::: INFORMATION SUPPLIED
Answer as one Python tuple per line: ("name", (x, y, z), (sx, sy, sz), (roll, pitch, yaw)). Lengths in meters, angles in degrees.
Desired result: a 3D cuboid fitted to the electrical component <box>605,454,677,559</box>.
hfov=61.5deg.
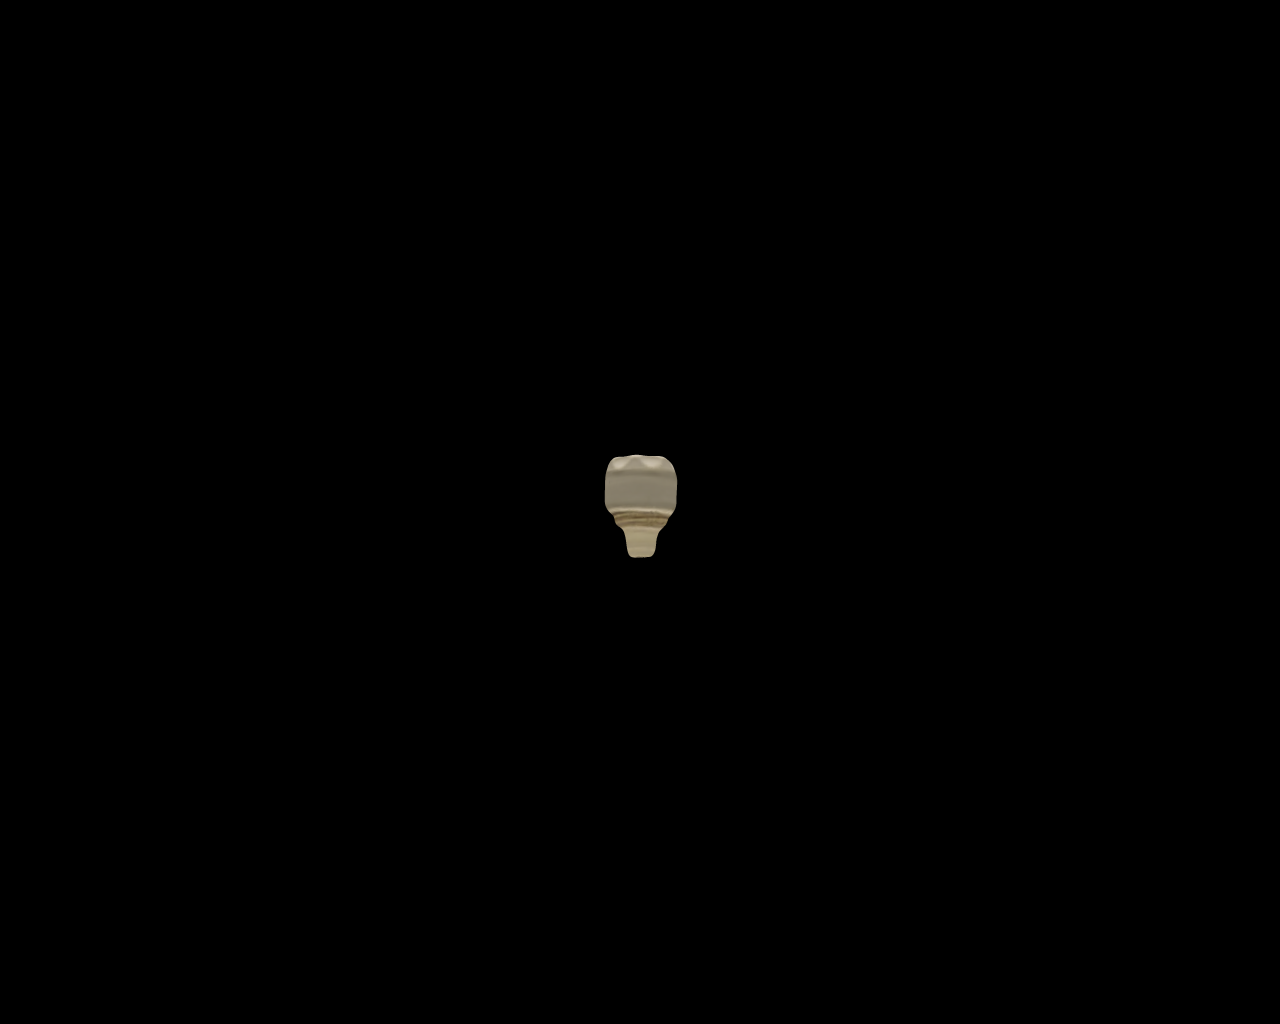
("electrical component", (0.001, -0.003, 0.650), (0.043, 0.062, 0.043), (0, -5, 0))
::::::
All of the data above should be transcribed verbatim, with pictures omitted.

Answer as one Python tuple per line: ("name", (x, y, z), (sx, sy, sz), (roll, pitch, yaw)). Lengths in meters, angles in degrees.
Desired result: a 3D cuboid fitted to the electrical component <box>605,454,677,559</box>.
hfov=61.5deg.
("electrical component", (0.001, -0.003, 0.650), (0.043, 0.062, 0.043), (0, -5, 0))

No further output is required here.